Give it a whirl, and let me know if there are sites you'd like me to add.

Tuesday, September 04, 2007

Warning: More of Yours Truly in the Offing

One of the drawbacks of being an amateur photographer is that there never is enough opportunity to hone the old skillz. Now I freely admit that I'm married to a woman whose unbridled joy at being at the business end of a Zuiko 50mm f/2.0 is second only to the pleasure she takes in her 8-hours-of-the-dreamless each night. But even so, having to stand for hours on end while her photog. spouse makes ever-so-slight adjustments wears somewhat thin.

I've often considered practicing portrait lighting on myself of course, but the drill is awful: Press, run, get in position, <click!>, run, gawk at botched picture to figure out what to adjust, press, run... well, you get the idea.

First, the good news...

A fellow strobist reminded me of this little feature that I remember glossing over in the camera's user manual (yes I did RTFM --- just not that carefully): Video-out. Simply put, God's greatest gift to narcissistic photographers.

Most recent LCD monitors have a composite-video input jack, and my E-330's USB output doubles as a video-out line. They've even provided a handy cable for the purpose. Combine that with the its live-view feature (which Olympus was something of a pioneer at with DSLRs) and you've got heaven. Now I can simply connect up the monitor, point the camera at the finely chiseled, and I make composition adjustments right where I sit while viewing them on the 20-incher. This assumes that I've got the lighting parameters (shutter, aperture, flash-power) nailed down of course, but that's getting easier all the time.

All that's lacking now, is to get one of those little IR remotes that I can use to trigger the camera remotely.

Now the bad news... Given my new found freedom, you can probably expect more pictures of yours truly. I know I'm not as easy on the eyes as the beautiful ball-and-c., but hey, you can always volunteer as a guinea-pig, even if it is just to keep me from myself :)

Sunday, September 02, 2007

Oh.
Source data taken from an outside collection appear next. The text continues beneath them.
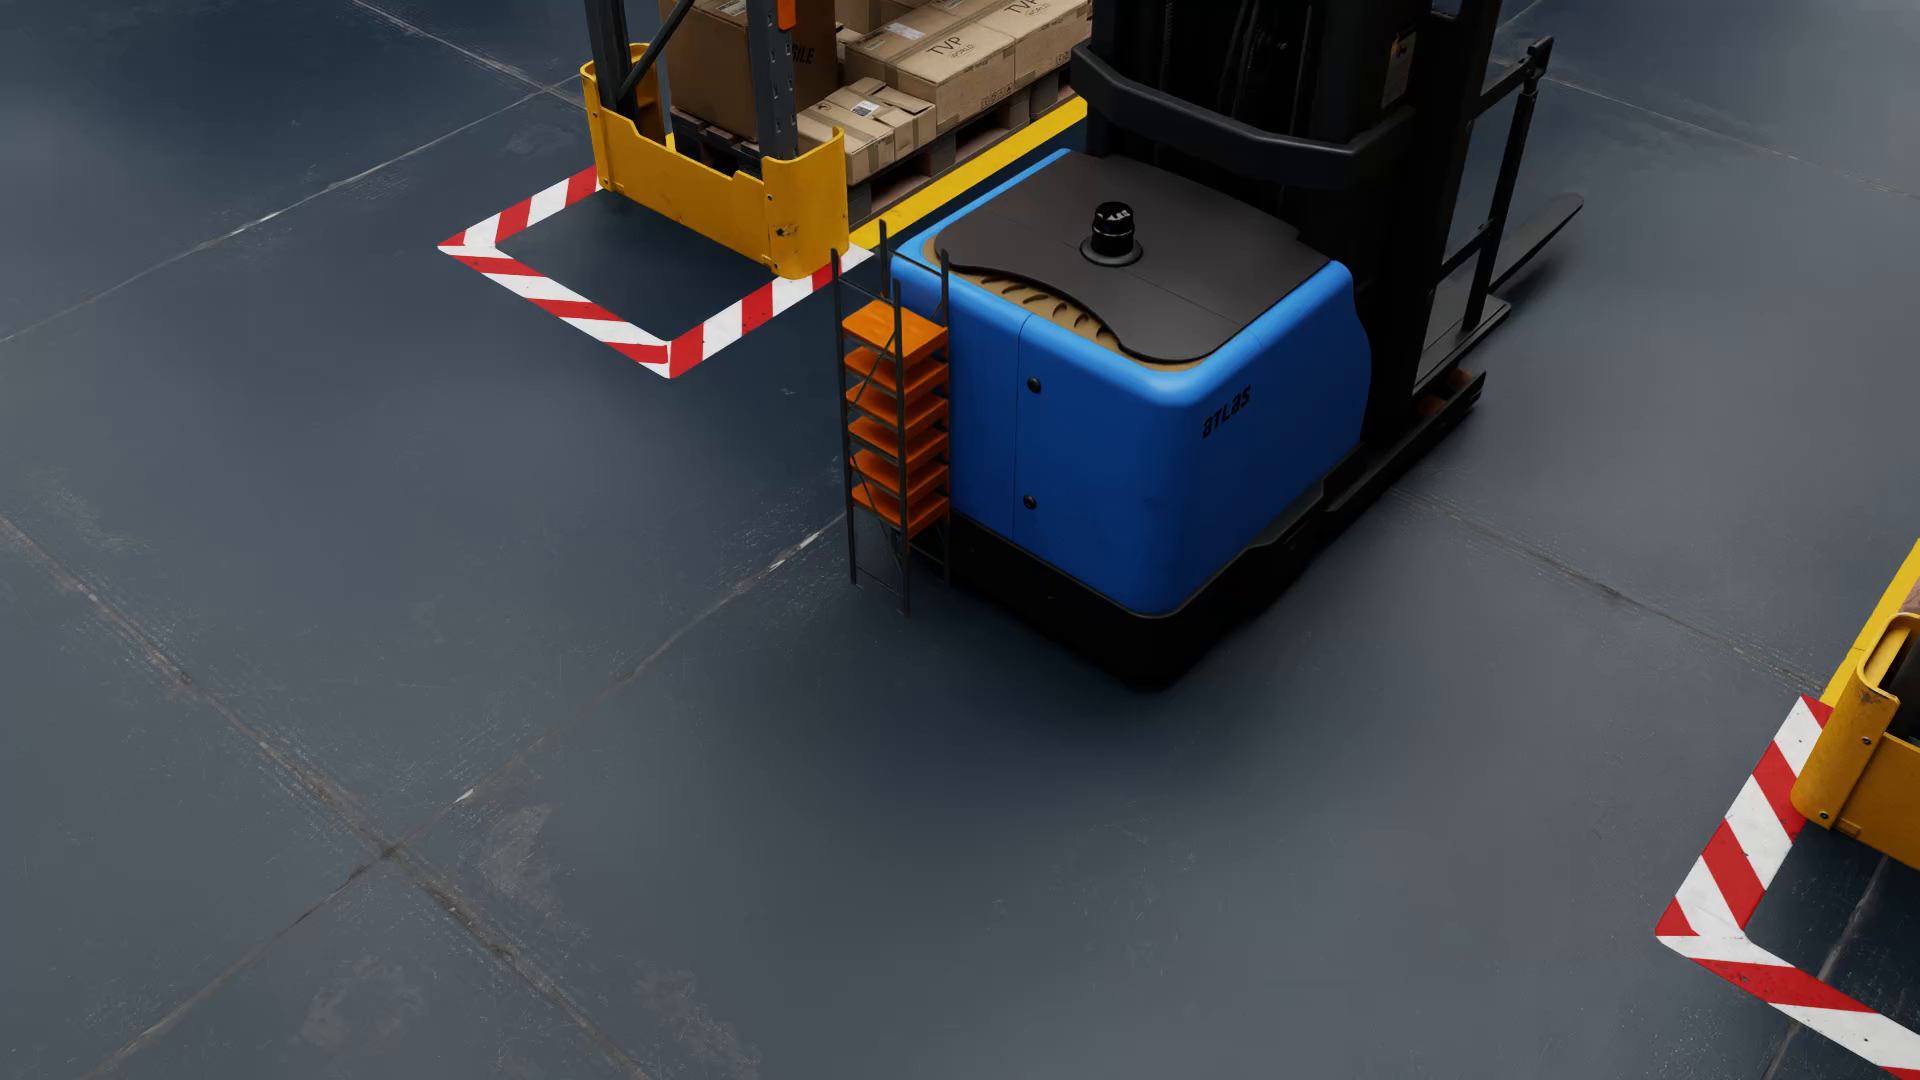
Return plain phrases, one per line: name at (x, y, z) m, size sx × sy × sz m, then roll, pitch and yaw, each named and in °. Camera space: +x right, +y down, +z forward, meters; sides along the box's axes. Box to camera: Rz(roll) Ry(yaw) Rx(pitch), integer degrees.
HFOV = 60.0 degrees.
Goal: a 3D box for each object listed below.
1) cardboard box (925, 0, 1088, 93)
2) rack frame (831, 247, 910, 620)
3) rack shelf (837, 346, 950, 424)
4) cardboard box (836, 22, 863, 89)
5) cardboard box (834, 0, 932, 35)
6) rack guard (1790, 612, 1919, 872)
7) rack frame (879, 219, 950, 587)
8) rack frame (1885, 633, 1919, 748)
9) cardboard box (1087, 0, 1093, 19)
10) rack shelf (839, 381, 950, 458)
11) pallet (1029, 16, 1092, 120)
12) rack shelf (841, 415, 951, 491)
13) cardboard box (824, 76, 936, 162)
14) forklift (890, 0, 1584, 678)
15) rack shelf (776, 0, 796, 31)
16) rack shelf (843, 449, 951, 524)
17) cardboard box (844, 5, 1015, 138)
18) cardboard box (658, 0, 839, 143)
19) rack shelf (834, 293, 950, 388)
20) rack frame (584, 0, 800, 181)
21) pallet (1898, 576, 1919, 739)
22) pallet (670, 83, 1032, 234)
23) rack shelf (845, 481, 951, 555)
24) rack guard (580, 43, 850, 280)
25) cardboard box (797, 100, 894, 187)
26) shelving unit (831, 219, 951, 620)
cardboard box at (0.198, -2.204, 7.161) m, size 0.500 × 0.250 × 0.500 m, roll 29°, pitch 50°, yaw 28°
rack frame at (-0.242, -0.259, 4.643) m, size 0.240 × 1.200 × 0.006 m, roll 30°, pitch 50°, yaw 29°
rack shelf at (-0.182, -0.450, 4.563) m, size 0.258 × 0.103 × 0.180 m, roll 30°, pitch 50°, yaw 29°
cardboard box at (-0.521, -2.057, 7.061) m, size 0.380 × 0.166 × 0.250 m, roll 29°, pitch 50°, yaw 28°
cardboard box at (-0.217, -2.394, 7.370) m, size 0.500 × 0.250 × 0.500 m, roll 29°, pitch 50°, yaw 28°
rack guard at (2.766, 0.694, 4.115) m, size 1.175 × 0.500 × 0.348 m, roll 29°, pitch 50°, yaw 28°
rack frame at (-0.122, -0.352, 4.745) m, size 0.240 × 1.200 × 0.006 m, roll 30°, pitch 50°, yaw 29°
rack frame at (2.782, -0.243, 3.288) m, size 1.000 × 3.000 × 0.127 m, roll 29°, pitch 50°, yaw 28°
cardboard box at (0.357, -2.715, 7.535) m, size 0.797 × 0.503 × 0.637 m, roll 29°, pitch 50°, yaw 28°
rack shelf at (-0.182, -0.362, 4.643) m, size 0.258 × 0.103 × 0.180 m, roll 30°, pitch 50°, yaw 29°
pallet at (0.334, -2.430, 7.765) m, size 1.003 × 0.211 × 1.213 m, roll 29°, pitch 50°, yaw 28°
rack shelf at (-0.182, -0.273, 4.724) m, size 0.258 × 0.103 × 0.180 m, roll 30°, pitch 50°, yaw 29°
cardboard box at (-0.319, -1.696, 6.665) m, size 0.380 × 0.166 × 0.250 m, roll 29°, pitch 50°, yaw 28°
forklift at (1.140, -1.610, 4.841) m, size 1.130 × 2.935 × 3.031 m, roll 30°, pitch 50°, yaw 29°
rack shelf at (0.275, -3.150, 7.019) m, size 1.077 × 0.370 × 4.000 m, roll 29°, pitch 50°, yaw 28°
rack shelf at (-0.182, -0.184, 4.805) m, size 0.258 × 0.103 × 0.180 m, roll 30°, pitch 50°, yaw 29°
cardboard box at (-0.123, -1.946, 6.877) m, size 0.500 × 0.250 × 0.500 m, roll 29°, pitch 50°, yaw 28°
cardboard box at (-0.851, -2.011, 6.763) m, size 0.500 × 0.500 × 0.500 m, roll 29°, pitch 50°, yaw 28°
rack shelf at (-0.182, -0.539, 4.482) m, size 0.258 × 0.103 × 0.180 m, roll 30°, pitch 50°, yaw 29°
rack frame at (-1.012, -2.386, 5.644) m, size 1.000 × 3.000 × 0.127 m, roll 29°, pitch 50°, yaw 28°
pallet at (3.236, 0.343, 4.716) m, size 1.003 × 0.211 × 1.213 m, roll 29°, pitch 50°, yaw 28°
pallet at (-0.451, -1.804, 7.078) m, size 1.003 × 0.211 × 1.213 m, roll 29°, pitch 50°, yaw 28°
rack shelf at (-0.182, -0.095, 4.886) m, size 0.258 × 0.103 × 0.180 m, roll 30°, pitch 50°, yaw 29°
rack guard at (-0.963, -1.500, 6.528) m, size 1.175 × 0.500 × 0.348 m, roll 29°, pitch 50°, yaw 28°
cardboard box at (-0.480, -1.561, 6.529) m, size 0.380 × 0.149 × 0.250 m, roll 29°, pitch 50°, yaw 28°
shelving unit at (-0.182, -0.306, 4.694) m, size 0.258 × 1.200 × 0.189 m, roll 30°, pitch 50°, yaw 29°

That was easy...

I remember trying a couple of years ago to get Flash working on my 64-bit desktop, with not much success. This weekend I thought to myself "Maybe I should give it another go, and throw a couple of hours at it again...". So quick search for [gentoo amd64 32 bit firefox] pulls up this page at the top result which (halfway down) provides the following incantations as advice:

> emerge netscape-flash
> emerge nspluginwrapper

So, I dutifully installed the indicated packages, restarted Firefox and voilà! Instant Flash. Note that the nspluginwrapper spits out this message at the end of the install:

* Auto installing 32bit plugins...
* Any 32bit plugins you currently have installed have now been
* configured to work in a 64bit browser. Any plugins you install in
* the future will first need to be setup with:
* "nspluginwrapper -i path-to-32bit-plugin"
* before they will function in a 64bit browser

Good to know.

Now what do I do with the remaining 118 minutes?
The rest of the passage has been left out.